The New Mexico state Senate has passed a bill to decriminalize assisted suicide, which the state’s Catholic bishops had strongly opposed.
The bill, known as the “Elizabeth Whitefield End of Life Options Act,” allows licensed physicians, osteopathic physicians, nurses, and physician assistants to prescribe a lethal drug to people with a terminal illness and the ability to self-administer the drug.
The states of California, Colorado, Hawaii, Montana, Oregon, Vermont, and Washington, plus the District of Columbia, have already legalized assisted suicide.
Archbishop John Wester of Santa Fe earlier this month decried the proposed law as “the worst in the nation” and a threat to the vulnerable.
“We continue to work to promote just laws, but know that God’s law transcends any human laws. God’s law calls us all to recognize and protect the life and dignity of each and every human being, especially the most vulnerable. This includes unborn children and those at the end of life,” Wester said March 3.
“We are promised that God’s law will ultimately bring peace and new life, especially to those who are suffering.”
Under the bill, a medical professional must determine that the individual has the capacity to give informed consent. Those with mental health disorders or intellectual disabilities may request assisted suicide after further medical evaluation by a mental health professional, the bill says.
At least two witnesses must sign the request for assisted suicide, as must the patient.
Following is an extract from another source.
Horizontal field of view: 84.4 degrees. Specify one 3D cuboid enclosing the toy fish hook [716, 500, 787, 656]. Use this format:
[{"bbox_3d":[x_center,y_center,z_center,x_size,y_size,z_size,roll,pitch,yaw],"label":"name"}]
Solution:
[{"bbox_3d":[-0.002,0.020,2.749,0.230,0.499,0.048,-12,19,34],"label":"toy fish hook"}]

The bill requires a 48-hour waiting period between a doctor writing a prescription for lethal drugs and the prescription being filled.
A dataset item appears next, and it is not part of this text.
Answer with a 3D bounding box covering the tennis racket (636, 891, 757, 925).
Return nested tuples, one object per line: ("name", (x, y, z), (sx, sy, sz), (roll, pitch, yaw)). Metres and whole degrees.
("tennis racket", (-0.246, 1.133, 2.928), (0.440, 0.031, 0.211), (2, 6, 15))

The bill does provide that the medical professional must inform the patient of “potential associated risks” with taking the lethal medication, as well as “concurrent or additional treatment opportunities, including hospice care and palliative care focused on relieving symptoms and reducing suffering.”
The Senate passed the bill on March 16 by a 24-17 vote, largely along party lines, with two Democrats voting against it. The bill passed the House last month.
Democratic Gov. Michelle Lujan Grisham is believed likely to sign the bill. The Associated Press reported that if signed into law, New Mexico would become the second state to pass a right-to-die law where a third or more of adults are Catholic, after New Jersey.
In 2019 a similar bill also called the “Elizabeth Whitefield End of Life Options Act” failed to pass the New Mexico House of Representatives.
That version of the bill did not clearly define whether residents of states other than New Mexico might be allowed to avail themselves of assisted suicide. It was reported in some publications that the bill lacked a residency requirement completely, meaning patients coming from other states to seek the procedure, so-called “suicide tourism,” could become a reality.
The 2021 bill includes a residency requirement.
The current bill would require some statistics to be collected on the characteristics of individuals who receive prescriptions for assisted suicide. However, it would require the cause of death to be listed as the person’s underlying illness, not assisted suicide.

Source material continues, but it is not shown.